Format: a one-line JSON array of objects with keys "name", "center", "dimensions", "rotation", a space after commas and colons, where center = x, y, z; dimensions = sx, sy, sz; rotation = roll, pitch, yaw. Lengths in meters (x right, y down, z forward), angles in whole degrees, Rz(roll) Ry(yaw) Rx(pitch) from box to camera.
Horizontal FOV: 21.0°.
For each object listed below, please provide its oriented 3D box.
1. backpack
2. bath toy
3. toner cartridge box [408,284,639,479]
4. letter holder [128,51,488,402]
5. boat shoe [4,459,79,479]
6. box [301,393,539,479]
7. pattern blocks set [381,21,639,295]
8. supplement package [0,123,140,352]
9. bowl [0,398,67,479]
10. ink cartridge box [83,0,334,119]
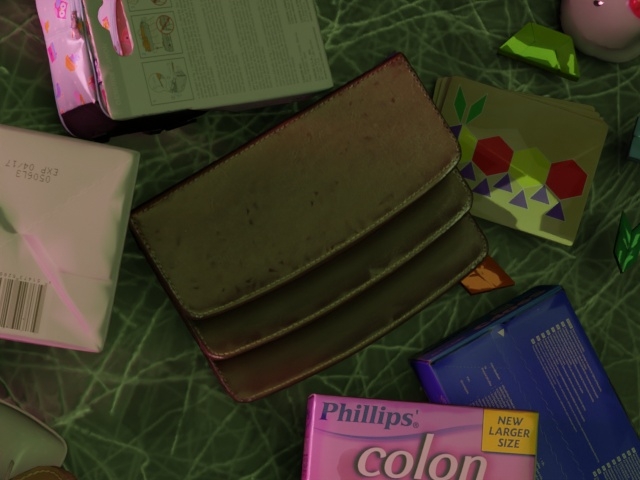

════════

Please, without any pictures, print each entry exactly.

Format: a one-line JSON array of objects with keys "name", "center", "dimensions", "rotation", a space after commas and colons, where center = x, y, z; dimensions = sx, sy, sz; rotation = roll, pitch, yaw. Lengths in meters (x right, y down, z forward), angles in whole degrees, Rz(roll) Ry(yaw) Rx(pitch) from box to camera.
Horizontal FOV: 21.0°.
For each object listed below, please provide its oriented 3D box.
1. backpack
2. bath toy
3. toner cartridge box [408,284,639,479]
4. letter holder [128,51,488,402]
5. boat shoe [4,459,79,479]
6. box [301,393,539,479]
7. pattern blocks set [381,21,639,295]
8. supplement package [0,123,140,352]
9. bowl [0,398,67,479]
10. ink cartridge box [83,0,334,119]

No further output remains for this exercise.